Avec cette connotation processuelle, l’idée d’autonomie entre dans le patrimoine marxiste comme une catégorie fondamentale pour l’analyse et la compréhension des processus de subjectivation politique correspondants aux expériences d’indépendance et d’émancipation et, de cette manière, se situe potentiellement aux côtés des concepts de subalternité et d’antagonisme.


[1] Voir Georges Sorel, Réflexions sur la violence, Marcel Rivière et Cie, Paris, 1972.

[2] Karl Marx y Friedrich Engels, La Ideología Alemana. Chap.1 Feuerbach. Opposition entre les conceptions matérialiste et idéaliste.

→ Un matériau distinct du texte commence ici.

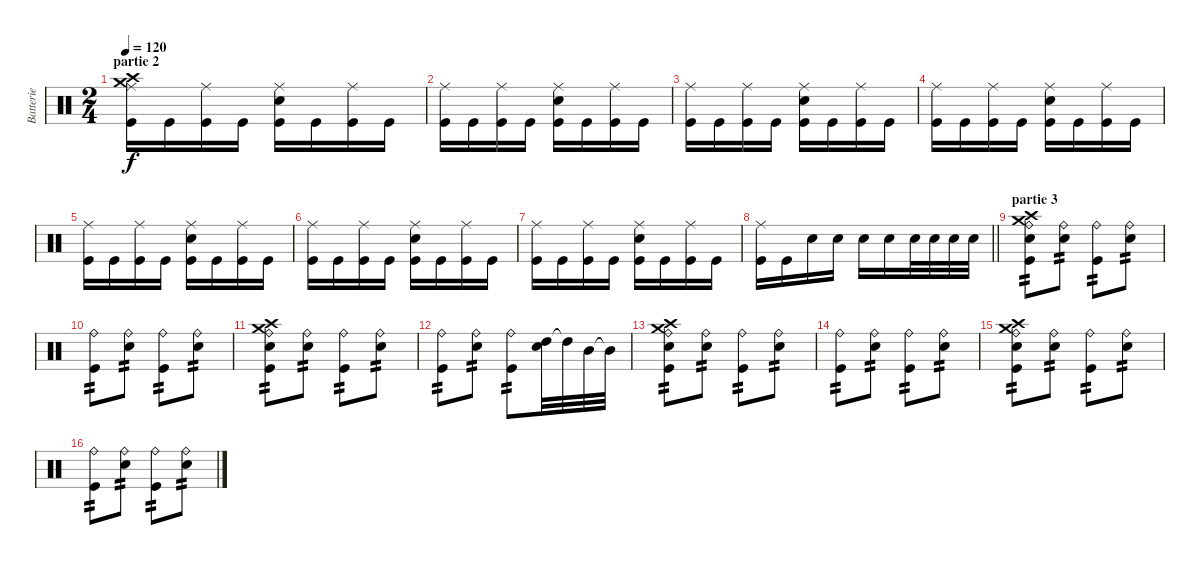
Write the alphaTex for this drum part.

\track ("Batterie" "Batterie") {instrument percussion}
\staff {score}
\articulation defaults
\ts (2 4)
\section ("" "partie 2")
\tempo 120
\clef neutral
\ks c
("Crash medium (hit)" "Crash high (hit)" "Ride (middle)" "Kick (hit)").16{dy f} "Kick (hit)".16 ("Ride (middle)" "Kick (hit)").16 "Kick (hit)".16 ("Ride (middle)" "Snare (hit) 2" "Kick (hit)").16 "Kick (hit)".16 ("Ride (middle)" "Kick (hit)").16 "Kick (hit)".16 |
("Ride (middle)" "Kick (hit)").16 "Kick (hit)".16 ("Ride (middle)" "Kick (hit)").16 "Kick (hit)".16 ("Ride (middle)" "Snare (hit) 2" "Kick (hit)").16 "Kick (hit)".16 ("Ride (middle)" "Kick (hit)").16 "Kick (hit)".16 |
("Ride (middle)" "Kick (hit)").16 "Kick (hit)".16 ("Ride (middle)" "Kick (hit)").16 "Kick (hit)".16 ("Ride (middle)" "Snare (hit) 2" "Kick (hit)").16 "Kick (hit)".16 ("Ride (middle)" "Kick (hit)").16 "Kick (hit)".16 |
("Ride (middle)" "Kick (hit)").16 "Kick (hit)".16 ("Ride (middle)" "Kick (hit)").16 "Kick (hit)".16 ("Ride (middle)" "Snare (hit) 2" "Kick (hit)").16 "Kick (hit)".16 ("Ride (middle)" "Kick (hit)").16 "Kick (hit)".16 |
("Ride (middle)" "Kick (hit)").16 "Kick (hit)".16 ("Ride (middle)" "Kick (hit)").16 "Kick (hit)".16 ("Ride (middle)" "Snare (hit) 2" "Kick (hit)").16 "Kick (hit)".16 ("Ride (middle)" "Kick (hit)").16 "Kick (hit)".16 |
("Ride (middle)" "Kick (hit)").16 "Kick (hit)".16 ("Ride (middle)" "Kick (hit)").16 "Kick (hit)".16 ("Ride (middle)" "Snare (hit) 2" "Kick (hit)").16 "Kick (hit)".16 ("Ride (middle)" "Kick (hit)").16 "Kick (hit)".16 |
("Ride (middle)" "Kick (hit)").16 "Kick (hit)".16 ("Ride (middle)" "Kick (hit)").16 "Kick (hit)".16 ("Ride (middle)" "Snare (hit) 2" "Kick (hit)").16 "Kick (hit)".16 ("Ride (middle)" "Kick (hit)").16 "Kick (hit)".16 |
\barLineRight lightlight
("Ride (middle)" "Kick (hit)").16 "Kick (hit)".16 "Electric Snare (hit)".16 "Electric Snare (hit)".16 "Electric Snare (hit)".16 "Electric Snare (hit)".16 "Electric Snare (hit)".32 "Electric Snare (hit)".32 "Electric Snare (hit)".32 "Electric Snare (hit)".32 |
\section ("" "partie 3")
("Crash medium (hit)" "Ride (bell)" "Crash high (hit)" "Electric Snare (hit)" "Kick (hit)").8{tp 2} ("Ride (bell)" "Electric Snare (hit)").8{tp 2} ("Ride (bell)" "Kick (hit)").8{tp 2} ("Ride (bell)" "Electric Snare (hit)").8{tp 2} |
("Ride (bell)" "Kick (hit)").8{tp 2} ("Ride (bell)" "Electric Snare (hit)").8{tp 2} ("Ride (bell)" "Kick (hit)").8{tp 2} ("Ride (bell)" "Electric Snare (hit)").8{tp 2} |
("Crash medium (hit)" "Ride (bell)" "Crash high (hit)" "Electric Snare (hit)" "Kick (hit)").8{tp 2} ("Ride (bell)" "Electric Snare (hit)").8{tp 2} ("Ride (bell)" "Kick (hit)").8{tp 2} ("Ride (bell)" "Electric Snare (hit)").8{tp 2} |
("Ride (bell)" "Kick (hit)").8{tp 2} ("Ride (bell)" "Electric Snare (hit)").8{tp 2} ("Ride (bell)" "Kick (hit)").8{tp 2} ("High Tom (hit)" "Electric Snare (hit)").32 "High Tom (hit)"{t}.32 "Mid Tom (hit)".32 "Mid Tom (hit)"{t}.32 |
("Crash medium (hit)" "Ride (bell)" "Crash high (hit)" "Electric Snare (hit)" "Kick (hit)").8{tp 2} ("Ride (bell)" "Electric Snare (hit)").8{tp 2} ("Ride (bell)" "Kick (hit)").8{tp 2} ("Ride (bell)" "Electric Snare (hit)").8{tp 2} |
("Ride (bell)" "Kick (hit)").8{tp 2} ("Ride (bell)" "Electric Snare (hit)").8{tp 2} ("Ride (bell)" "Kick (hit)").8{tp 2} ("Ride (bell)" "Electric Snare (hit)").8{tp 2} |
("Crash medium (hit)" "Ride (bell)" "Crash high (hit)" "Electric Snare (hit)" "Kick (hit)").8{tp 2} ("Ride (bell)" "Electric Snare (hit)").8{tp 2} ("Ride (bell)" "Kick (hit)").8{tp 2} ("Ride (bell)" "Electric Snare (hit)").8{tp 2} |
("Ride (bell)" "Kick (hit)").8{tp 2} ("Ride (bell)" "Electric Snare (hit)").8{tp 2} ("Ride (bell)" "Kick (hit)").8{tp 2} ("Ride (bell)" "Electric Snare (hit)").8{tp 2}

[3] « associations de producteurs libres et égaux », selon Marx.

[4] Mabel Thwaites Rey, La autonomía como búsqueda, el Estado como contradicción, Prometeo, Buenos Aires, 2004, p. 20.

[5] René Zavaleta, “Cuatro conceptos de la democracia” dans El Estado en América Latina, Los amigos del libro, La Paz, 1989, p. 87.

[6] Georges Sorel, op. cit., p. 124, « Si une classe capitaliste est énergique, elle affirme constamment sa volonté de se défendre; son attitude franchement et loyalement réactionnaire contribue, au moins autant que la violence prolétarienne, à marquer la scission des classes qui est la base de tout le socialisme ».